[Start of section]
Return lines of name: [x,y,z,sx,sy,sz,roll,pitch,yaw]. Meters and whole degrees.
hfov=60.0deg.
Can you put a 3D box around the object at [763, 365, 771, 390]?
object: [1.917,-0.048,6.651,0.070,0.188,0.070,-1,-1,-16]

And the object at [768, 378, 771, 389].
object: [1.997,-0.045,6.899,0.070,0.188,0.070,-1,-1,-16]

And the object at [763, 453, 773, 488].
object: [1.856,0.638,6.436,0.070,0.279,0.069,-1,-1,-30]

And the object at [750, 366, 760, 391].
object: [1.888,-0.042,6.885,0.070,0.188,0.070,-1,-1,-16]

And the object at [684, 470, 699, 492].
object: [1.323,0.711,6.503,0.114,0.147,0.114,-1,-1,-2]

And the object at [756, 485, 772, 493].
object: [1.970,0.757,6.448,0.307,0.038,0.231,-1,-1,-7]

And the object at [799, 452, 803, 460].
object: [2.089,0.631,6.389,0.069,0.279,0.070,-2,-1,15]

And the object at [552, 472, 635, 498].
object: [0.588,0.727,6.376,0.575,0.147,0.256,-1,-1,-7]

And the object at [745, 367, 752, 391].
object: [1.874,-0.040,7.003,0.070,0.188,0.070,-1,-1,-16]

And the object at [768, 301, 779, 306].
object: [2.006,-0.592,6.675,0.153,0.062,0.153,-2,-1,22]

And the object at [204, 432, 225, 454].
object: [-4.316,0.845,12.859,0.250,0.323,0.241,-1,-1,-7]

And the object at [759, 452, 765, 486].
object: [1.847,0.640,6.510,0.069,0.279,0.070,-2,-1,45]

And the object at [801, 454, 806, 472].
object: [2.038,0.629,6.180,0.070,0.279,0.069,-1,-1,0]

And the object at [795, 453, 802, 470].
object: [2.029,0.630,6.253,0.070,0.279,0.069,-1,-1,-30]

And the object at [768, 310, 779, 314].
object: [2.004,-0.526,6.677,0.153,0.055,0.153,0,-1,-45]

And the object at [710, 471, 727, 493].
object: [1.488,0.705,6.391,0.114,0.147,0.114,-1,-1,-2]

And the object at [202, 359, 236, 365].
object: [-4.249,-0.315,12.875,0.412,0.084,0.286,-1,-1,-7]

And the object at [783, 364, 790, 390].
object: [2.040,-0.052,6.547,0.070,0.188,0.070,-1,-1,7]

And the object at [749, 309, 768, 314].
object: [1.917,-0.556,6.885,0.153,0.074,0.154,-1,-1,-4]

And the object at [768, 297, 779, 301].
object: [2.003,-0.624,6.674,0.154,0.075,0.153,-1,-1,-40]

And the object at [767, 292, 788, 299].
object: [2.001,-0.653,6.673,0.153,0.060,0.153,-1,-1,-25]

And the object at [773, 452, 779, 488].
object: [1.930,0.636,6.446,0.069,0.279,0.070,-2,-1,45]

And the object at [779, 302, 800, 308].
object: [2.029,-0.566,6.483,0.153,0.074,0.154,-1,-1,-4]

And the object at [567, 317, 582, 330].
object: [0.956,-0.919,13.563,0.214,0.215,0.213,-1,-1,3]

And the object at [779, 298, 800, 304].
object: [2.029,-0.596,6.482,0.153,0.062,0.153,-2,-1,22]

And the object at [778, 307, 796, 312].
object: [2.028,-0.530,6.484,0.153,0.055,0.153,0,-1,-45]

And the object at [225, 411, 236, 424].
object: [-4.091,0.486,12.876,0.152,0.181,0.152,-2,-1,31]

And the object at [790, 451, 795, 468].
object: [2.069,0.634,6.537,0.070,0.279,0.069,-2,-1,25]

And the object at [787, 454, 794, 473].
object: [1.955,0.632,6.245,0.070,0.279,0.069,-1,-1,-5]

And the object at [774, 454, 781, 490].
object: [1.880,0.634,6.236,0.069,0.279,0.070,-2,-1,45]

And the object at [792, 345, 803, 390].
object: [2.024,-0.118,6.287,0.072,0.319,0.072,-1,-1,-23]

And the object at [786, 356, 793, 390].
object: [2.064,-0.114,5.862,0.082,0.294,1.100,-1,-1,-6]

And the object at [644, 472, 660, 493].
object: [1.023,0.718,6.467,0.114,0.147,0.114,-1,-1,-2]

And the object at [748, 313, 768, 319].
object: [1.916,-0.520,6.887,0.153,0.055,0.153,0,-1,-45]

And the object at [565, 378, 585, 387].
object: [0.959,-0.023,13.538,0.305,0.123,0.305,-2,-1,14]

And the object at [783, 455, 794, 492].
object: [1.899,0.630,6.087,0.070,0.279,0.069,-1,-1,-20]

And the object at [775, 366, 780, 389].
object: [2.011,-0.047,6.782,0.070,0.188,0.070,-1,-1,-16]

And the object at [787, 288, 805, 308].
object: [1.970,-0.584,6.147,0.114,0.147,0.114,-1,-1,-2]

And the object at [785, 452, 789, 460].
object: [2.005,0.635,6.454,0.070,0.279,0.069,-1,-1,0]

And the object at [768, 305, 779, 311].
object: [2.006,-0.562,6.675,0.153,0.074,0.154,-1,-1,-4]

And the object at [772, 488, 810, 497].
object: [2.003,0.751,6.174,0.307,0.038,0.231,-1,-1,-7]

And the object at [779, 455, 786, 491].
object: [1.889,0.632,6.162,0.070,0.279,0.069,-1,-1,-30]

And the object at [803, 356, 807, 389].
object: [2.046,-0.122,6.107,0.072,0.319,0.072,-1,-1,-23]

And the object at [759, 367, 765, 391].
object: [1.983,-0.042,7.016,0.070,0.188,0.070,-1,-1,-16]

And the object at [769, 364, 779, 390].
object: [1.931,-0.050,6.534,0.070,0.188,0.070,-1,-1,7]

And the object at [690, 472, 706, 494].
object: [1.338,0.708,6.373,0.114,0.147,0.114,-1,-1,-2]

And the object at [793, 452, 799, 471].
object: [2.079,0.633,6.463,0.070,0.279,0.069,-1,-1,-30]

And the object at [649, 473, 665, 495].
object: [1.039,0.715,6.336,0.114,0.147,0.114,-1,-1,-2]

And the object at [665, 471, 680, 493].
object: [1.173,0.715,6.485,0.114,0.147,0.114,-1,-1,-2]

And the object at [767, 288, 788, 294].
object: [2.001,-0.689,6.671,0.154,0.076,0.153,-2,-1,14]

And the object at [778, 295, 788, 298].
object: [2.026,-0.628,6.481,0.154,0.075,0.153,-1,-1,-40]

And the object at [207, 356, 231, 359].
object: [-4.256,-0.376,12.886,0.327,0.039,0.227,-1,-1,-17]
[End of section]
[Start of section]
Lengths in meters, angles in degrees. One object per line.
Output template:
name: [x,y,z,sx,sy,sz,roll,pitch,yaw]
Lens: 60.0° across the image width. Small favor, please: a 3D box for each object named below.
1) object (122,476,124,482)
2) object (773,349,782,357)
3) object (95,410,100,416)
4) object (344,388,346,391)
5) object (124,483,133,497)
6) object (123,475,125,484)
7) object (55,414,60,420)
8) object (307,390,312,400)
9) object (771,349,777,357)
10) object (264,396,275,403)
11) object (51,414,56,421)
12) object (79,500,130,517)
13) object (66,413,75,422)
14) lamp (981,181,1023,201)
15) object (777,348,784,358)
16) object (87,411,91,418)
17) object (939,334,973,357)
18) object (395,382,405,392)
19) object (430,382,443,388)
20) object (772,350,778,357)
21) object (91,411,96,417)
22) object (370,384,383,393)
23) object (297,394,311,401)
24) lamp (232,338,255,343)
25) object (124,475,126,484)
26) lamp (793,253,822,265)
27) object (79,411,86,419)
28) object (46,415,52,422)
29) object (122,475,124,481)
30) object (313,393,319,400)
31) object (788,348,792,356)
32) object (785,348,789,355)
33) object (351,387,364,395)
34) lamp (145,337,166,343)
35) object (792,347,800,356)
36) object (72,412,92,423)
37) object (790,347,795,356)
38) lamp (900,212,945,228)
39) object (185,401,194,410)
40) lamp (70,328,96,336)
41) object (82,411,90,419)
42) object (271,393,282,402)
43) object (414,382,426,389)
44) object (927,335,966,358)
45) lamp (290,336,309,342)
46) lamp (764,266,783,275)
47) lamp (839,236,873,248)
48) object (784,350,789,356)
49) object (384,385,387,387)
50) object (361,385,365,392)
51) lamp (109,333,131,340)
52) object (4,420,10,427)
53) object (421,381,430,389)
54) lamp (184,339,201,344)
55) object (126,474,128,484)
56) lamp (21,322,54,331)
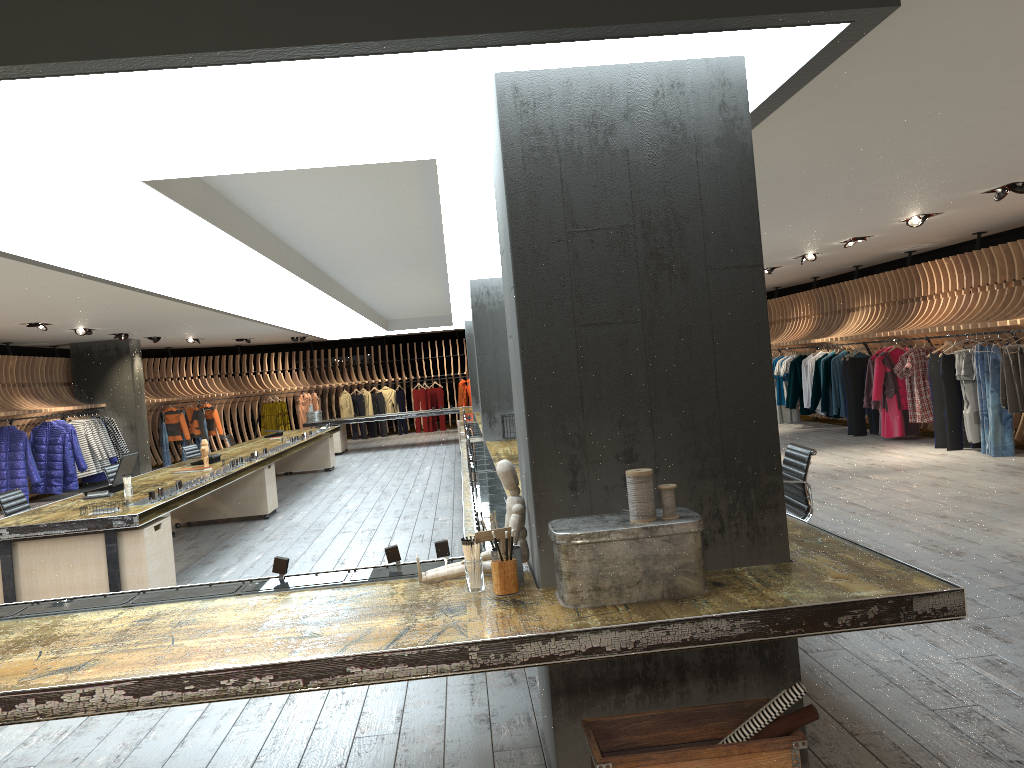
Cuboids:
[End of section]
- TASK TO CARRY OUT: Go through the entries. Report every line that contains the word "degrees".

- ANSWER TO THIS EXERCISE:
Return lines of name: [x,y,z,sx,sy,sz,roll,pitch,yaw]. Meters and whole degrees.
Lengths in meters, angles in degrees. One object per line.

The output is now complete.